Nevertheless, the Commission highlighted rising government expenditure, including substantial increases in the public sector wage bill and a one-off €71 million compensation payment awarded to former National Bank shareholders following a court ruling.

Tax revenues are expected to weaken slightly in the coming years as tax cuts announced in last October’s budget begin to take effect, while expenditure is projected to rise because of the growing cost of energy subsidies.

Even so, Malta’s fiscal deficit is expected to remain stable, edging down to 2.1% by 2027.

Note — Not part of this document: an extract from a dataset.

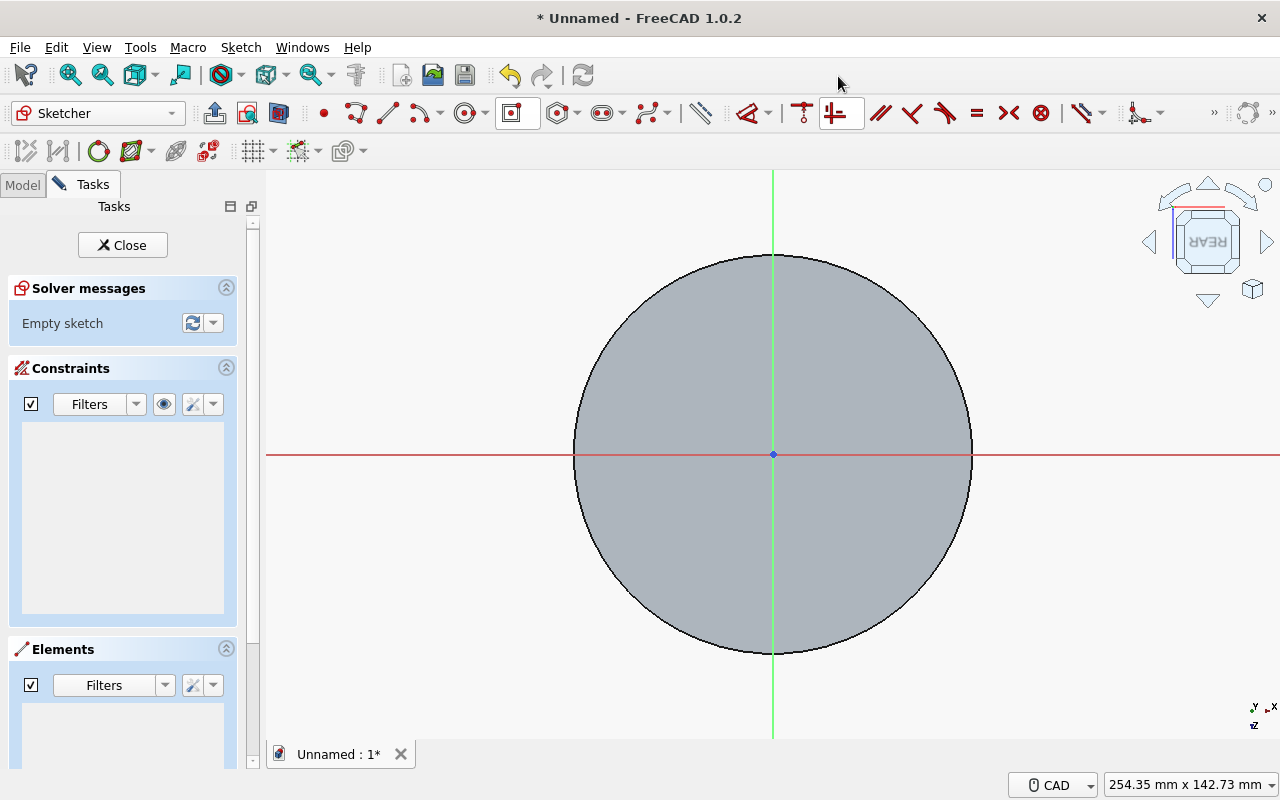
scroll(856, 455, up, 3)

The country’s debt-to-GDP ratio is forecast to stabilise at around 46% over the next few years, according to the Commission.

The Malta Business Weekly

In 1994, the Malta Business Weekly became the first newspaper fully dedicated to business. Today this newspaper is a leader in business and financial news. Together with the launch of the MBW newspaper, the company started organising various business breakfasts to discuss various current issues that were targeting the business community in Malta.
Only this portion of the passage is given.